Morrison was not taught at my high school in all-white rural New Hampshire, and my white adoptive parents didn’t know who she was until after I did, when I was in college and had my first black literature teacher. The passages I underlined and the corollary notes I made in my original copy of The Bluest Eye are, in some ways, as haunting to me as the story itself. “Then Pecola asked a question that had never entered my mind. ‘How do you do that? I mean, how do you get somebody to love you?’” My handwritten commentary in the margin: “She doesn’t know, because she doesn’t deem herself lovable.”
The Bluest Eye is not my favorite Morrison novel, but Pecola never left me. Sula is the one that made me want to survive for her, for Pecola. Its anger and ease, specific ideology, and hip-focused friendships all felt like hard-earned heaven, with so much at stake and everything else waiting for its time. Here, Morrison marked the visual of black womanness in lush simplicity: “The birthmark over her eye was getting darker and looked more and more like a stem and a rose.” Sula, with her flaws and disloyalty, was bold, and she was kindred.
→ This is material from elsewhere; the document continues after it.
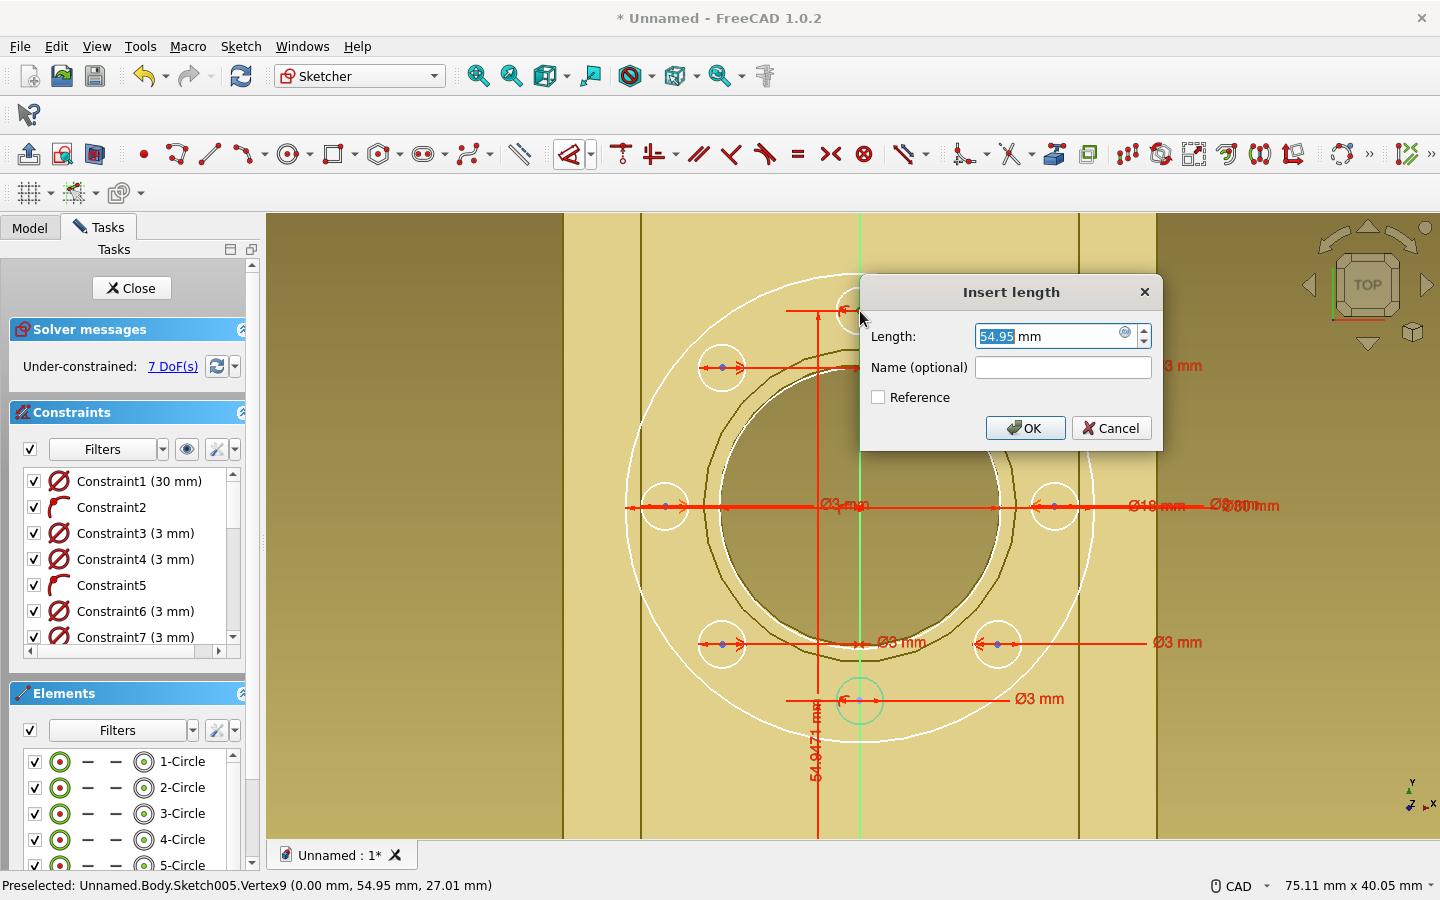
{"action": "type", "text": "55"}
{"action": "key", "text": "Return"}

Song of Solomon was next, then Tar Baby, Jazz, Beloved, Love, Home, A Mercy. I read them all. Some twice or three times. Morrison’s novels—the rich and feverish stories she created; the near-preposterous beauty of her worlds, with their resolute reckonings and intrinsic blackness—will be remembered as among the greatest of all time. And her essays, her nonfiction, demonstrate the same indisputable command of language, a bounty of quotable sentences and paragraphs and answers to how we can live better, with intellectual rigor and self-regard.
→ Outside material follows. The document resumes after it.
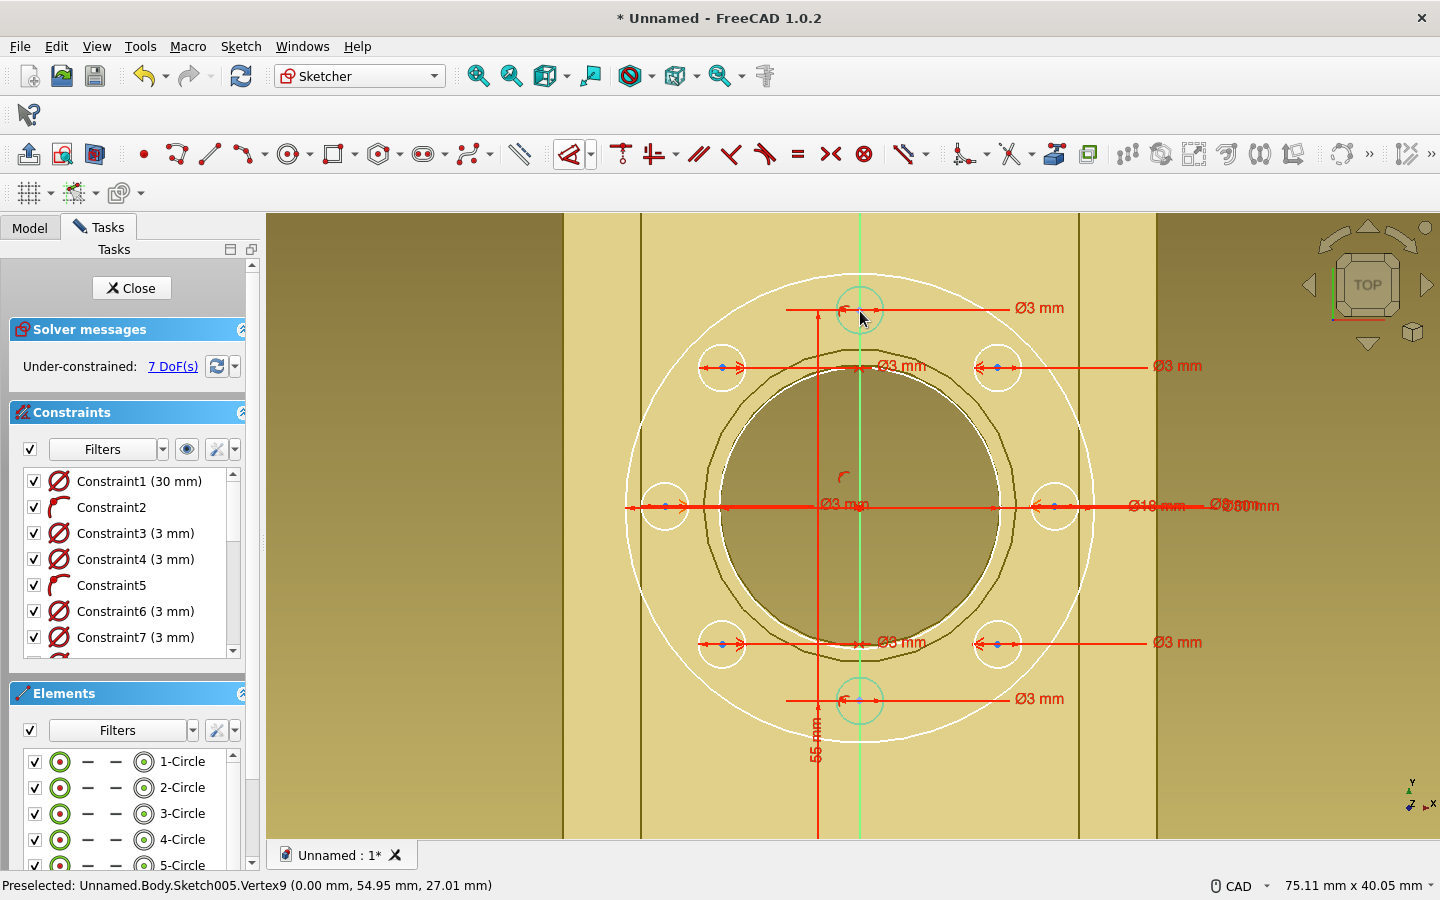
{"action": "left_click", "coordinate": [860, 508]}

It wasn’t until a 1998 interview Morrison gave to my then-boss, Charlie Rose, that I truly began to understand how stuck I’d been in this thing called “the white gaze.” The day she was on the show, I brought my books of hers to sign, which she did, graciously: “For Rebecca, with pleasure, Toni Morrison.” I nearly wept over her regal presence, her broad shoulders, the textured glory of her long, silver locks, and her soft, striking eyes. She was like a living, breathing effigy of our ancestors, every last one of us, all inside of her.
I watched and listened to the interview through the glass in the control room. I cringed when Rose asked if Morrison would ever write a book that was not “centered” on race. His narcissism was so foundational that he couldn’t see how his line of questioning embodied the point of her answer to this oft-revisited question of when she would write about white people: “I have had reviews in the past that have accused me of not writing about white people … as though our lives have no meaning and no depth without the white gaze.” Suddenly, I wanted more than anything else to get free. Free of the white gaze. I didn’t want to go crazy like Pecola had. I wanted my life to have meaning without the white gaze. Turns out, though, the white gaze doesn’t let go just because you want it to.
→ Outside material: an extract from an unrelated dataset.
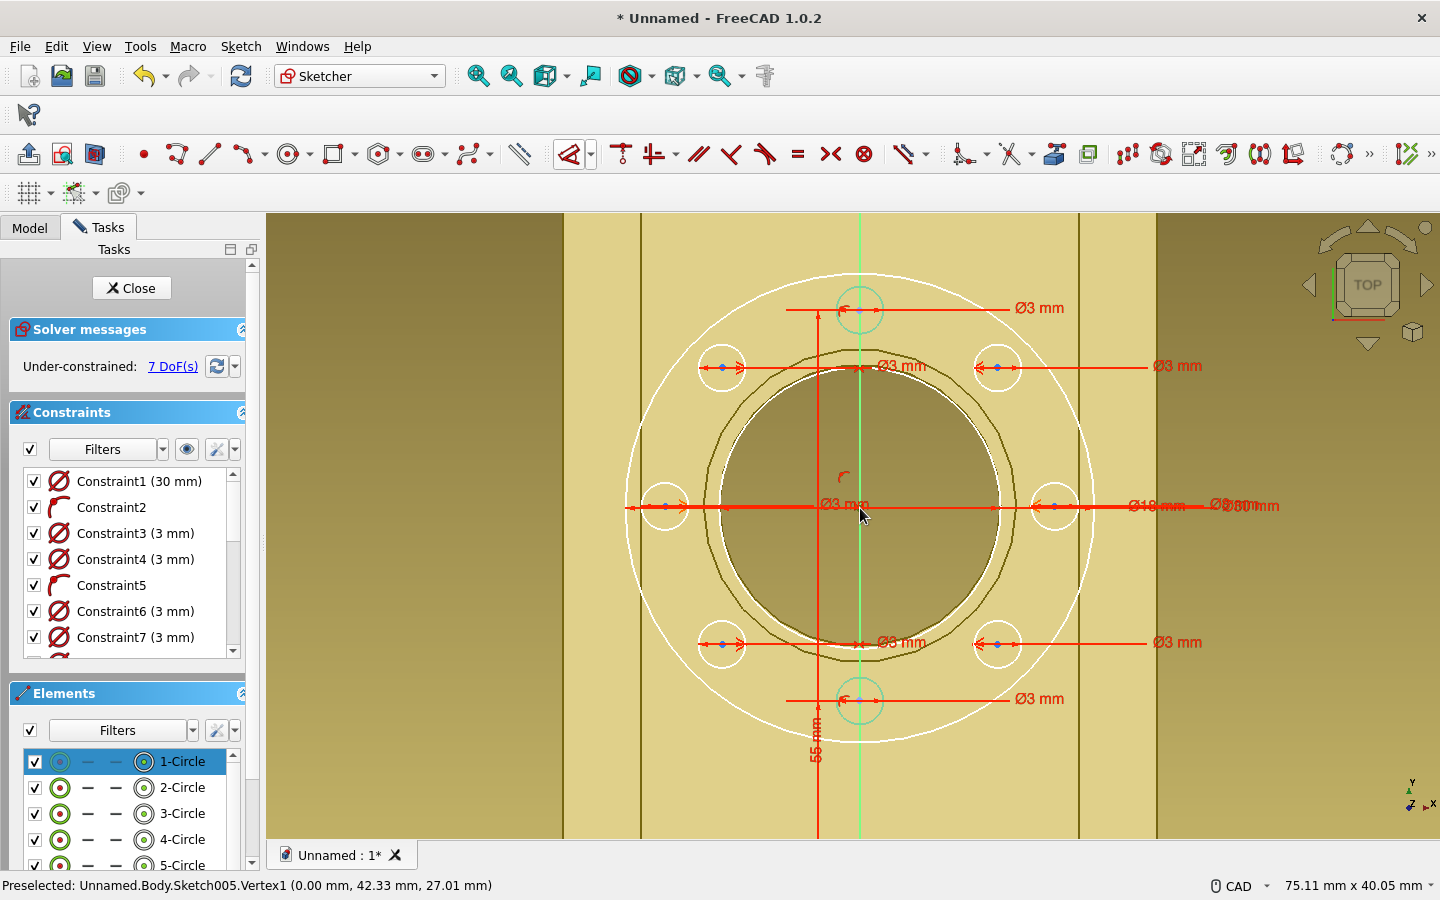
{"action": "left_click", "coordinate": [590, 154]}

But when I think about Morrison shaping words, birthing them into existence, I feel heartened. She did language. And then she gave it to us, to me. “We die. That may be the meaning of life,” she said in her 1993 lecture for the Nobel Prize in Literature. “But we do language. That may be the measure of our lives.” What an abundant gift.
I’m sad, devastated actually, to think that Morrison will never read my memoir, but I will continue to write it for her, and for Pecola. And in so doing, I may finally break free from the white gaze that I’ve worked so hard to survive.